Required action — Repeat the records below exactly, beginning at the first line and finishing with the line that contains "7) microwave oven".

[Items from a dataset]
"""
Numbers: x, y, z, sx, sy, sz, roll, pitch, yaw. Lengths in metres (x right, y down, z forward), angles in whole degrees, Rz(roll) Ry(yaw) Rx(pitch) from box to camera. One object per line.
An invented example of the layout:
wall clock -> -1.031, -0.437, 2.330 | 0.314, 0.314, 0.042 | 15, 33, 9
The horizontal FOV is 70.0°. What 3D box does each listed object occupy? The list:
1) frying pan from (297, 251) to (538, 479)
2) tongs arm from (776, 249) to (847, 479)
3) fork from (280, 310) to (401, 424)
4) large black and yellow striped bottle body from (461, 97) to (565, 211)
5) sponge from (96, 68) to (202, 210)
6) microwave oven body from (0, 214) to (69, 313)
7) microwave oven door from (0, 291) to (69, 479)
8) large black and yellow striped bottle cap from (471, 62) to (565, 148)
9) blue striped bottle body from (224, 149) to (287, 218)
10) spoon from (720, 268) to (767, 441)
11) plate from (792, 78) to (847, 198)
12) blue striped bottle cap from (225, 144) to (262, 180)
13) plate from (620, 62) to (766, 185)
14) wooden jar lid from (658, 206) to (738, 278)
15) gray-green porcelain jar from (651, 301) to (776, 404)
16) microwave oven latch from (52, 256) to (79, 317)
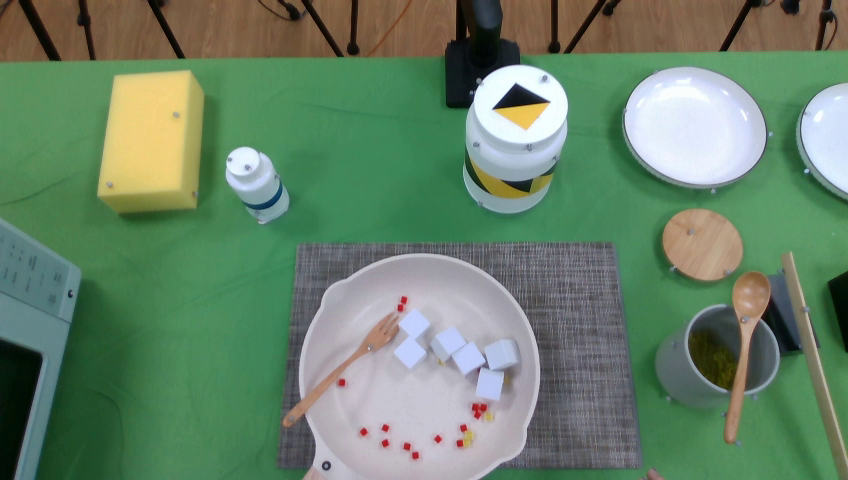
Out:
frying pan -> -0.075, 0.227, 0.719 | 0.305, 0.103, 0.487 | 39, 66, 16
tongs arm -> 0.493, 0.195, 0.722 | 0.051, 0.026, 0.383 | -7, 80, -5
fork -> -0.101, 0.155, 0.757 | 0.028, 0.019, 0.207 | 42, 50, 10
large black and yellow striped bottle body -> 0.116, -0.133, 0.818 | 0.131, 0.185, 0.130 | 0, 68, 1
sponge -> -0.403, -0.151, 0.901 | 0.118, 0.061, 0.205 | -5, 69, -1
microwave oven body -> -0.640, 0.189, 0.660 | 0.326, 0.262, 0.438 | 0, 69, 1
microwave oven door -> -0.495, 0.227, 0.637 | 0.039, 0.245, 0.353 | 0, 68, 2
large black and yellow striped bottle cap -> 0.115, -0.166, 0.740 | 0.115, 0.019, 0.114 | 0, 70, 1
blue striped bottle body -> -0.234, -0.082, 0.838 | 0.063, 0.121, 0.062 | 0, 68, 2
spoon -> 0.346, 0.123, 0.667 | 0.041, 0.022, 0.193 | 17, 73, 4
plate -> 0.645, -0.143, 0.888 | 0.209, 0.038, 0.207 | 0, 68, 1
blue striped bottle cap -> -0.236, -0.102, 0.791 | 0.044, 0.021, 0.044 | 0, 70, 1
plate -> 0.396, -0.171, 0.906 | 0.207, 0.039, 0.206 | 0, 68, 1
wooden jar lid -> 0.381, 0.004, 0.847 | 0.108, 0.021, 0.107 | 0, 70, 2
gray-green porcelain jar -> 0.342, 0.141, 0.736 | 0.106, 0.127, 0.105 | 0, 68, 1
microwave oven latch -> -0.487, 0.062, 0.811 | 0.030, 0.030, 0.078 | 3, 69, 2
"""
Written answer —
Numbers: x, y, z, sx, sy, sz, roll, pitch, yaw. Lengths in metres (x right, y down, z forward), angles in whole degrees, Rz(roll) Ry(yaw) Rx(pitch) from box to camera. One object per line.
An invented example of the layout:
wall clock -> -1.031, -0.437, 2.330 | 0.314, 0.314, 0.042 | 15, 33, 9
The horizontal FOV is 70.0°. What 3D box does each listed object occupy? The list:
1) frying pan from (297, 251) to (538, 479)
2) tongs arm from (776, 249) to (847, 479)
3) fork from (280, 310) to (401, 424)
4) large black and yellow striped bottle body from (461, 97) to (565, 211)
5) sponge from (96, 68) to (202, 210)
6) microwave oven body from (0, 214) to (69, 313)
7) microwave oven door from (0, 291) to (69, 479)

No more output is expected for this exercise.